_PROBLEM DESCRIPTION_
Can you quote, word for word, every line from the first line of the records below through the line containing "#3 small box [1176,300,1279,392]", and nothing else?

[Excerpts from a dataset]
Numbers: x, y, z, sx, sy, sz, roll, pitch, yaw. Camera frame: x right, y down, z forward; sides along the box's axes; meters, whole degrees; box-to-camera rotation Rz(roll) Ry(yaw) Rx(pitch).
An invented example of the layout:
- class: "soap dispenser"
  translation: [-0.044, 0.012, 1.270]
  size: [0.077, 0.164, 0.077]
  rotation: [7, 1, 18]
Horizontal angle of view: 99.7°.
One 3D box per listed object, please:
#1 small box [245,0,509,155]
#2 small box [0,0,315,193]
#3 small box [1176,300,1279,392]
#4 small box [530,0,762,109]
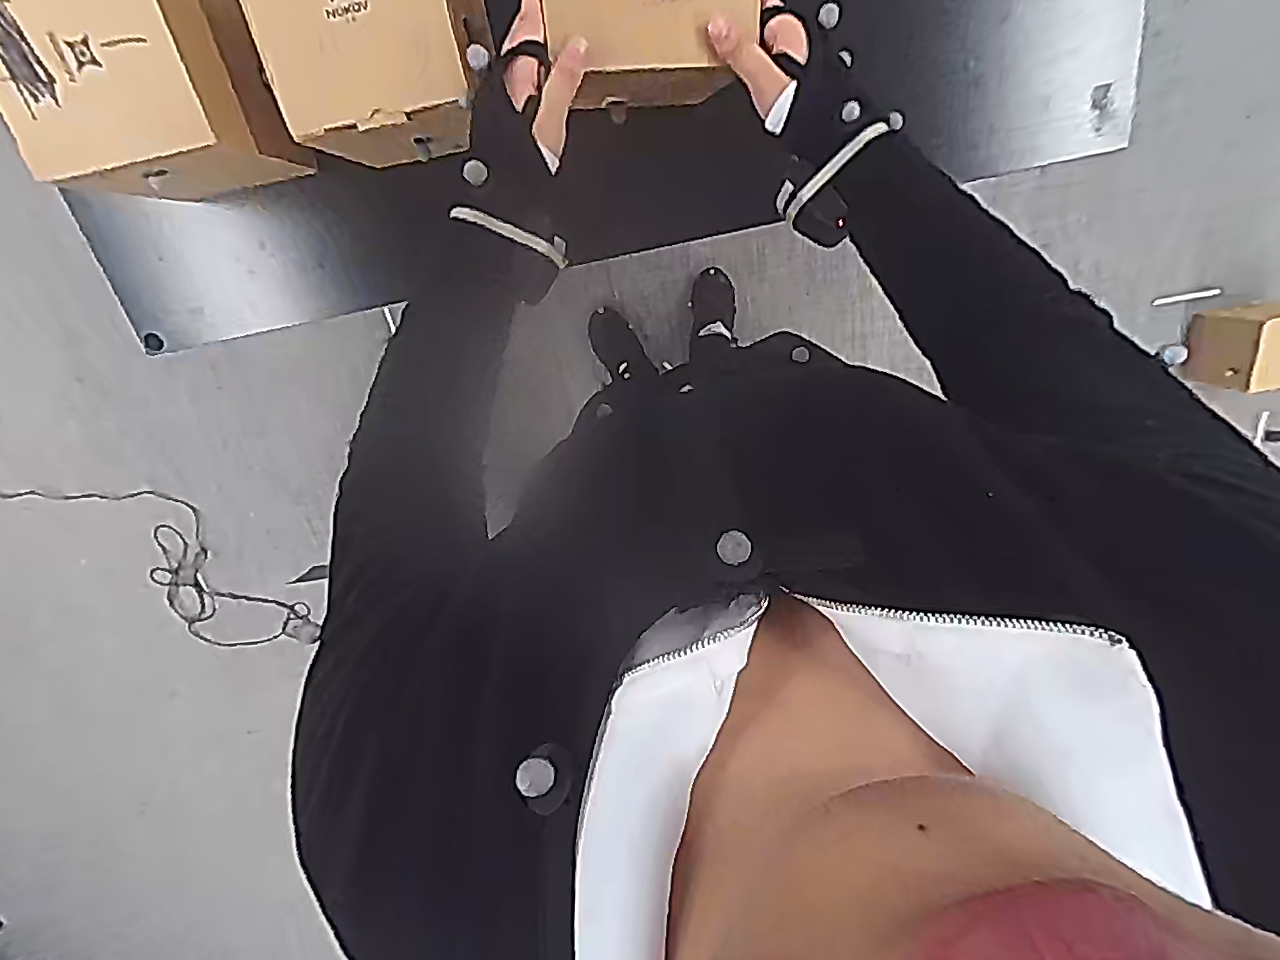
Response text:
- class: "small box"
  translation: [-0.236, -0.422, 0.509]
  size: [0.168, 0.176, 0.179]
  rotation: [-9, 113, 4]
- class: "small box"
  translation: [-0.466, -0.390, 0.523]
  size: [0.179, 0.176, 0.168]
  rotation: [-10, 113, 4]
- class: "small box"
  translation: [1.484, -0.333, 1.329]
  size: [0.168, 0.176, 0.179]
  rotation: [-11, 112, 5]
- class: "small box"
  translation: [-0.007, -0.426, 0.445]
  size: [0.168, 0.176, 0.179]
  rotation: [-8, 118, -9]

_RESULT FOR THIS EXERCISE_
Numbers: x, y, z, sx, sy, sz, roll, pitch, yaw. Camera frame: x right, y down, z forward; sides along the box's axes; meters, whole degrees; box-to-camera rotation Rz(roll) Ry(yaw) Rx(pitch).
An invented example of the layout:
- class: "soap dispenser"
  translation: [-0.044, 0.012, 1.270]
  size: [0.077, 0.164, 0.077]
  rotation: [7, 1, 18]
Horizontal angle of view: 99.7°.
One 3D box per listed object, please:
#1 small box [245,0,509,155]
#2 small box [0,0,315,193]
#3 small box [1176,300,1279,392]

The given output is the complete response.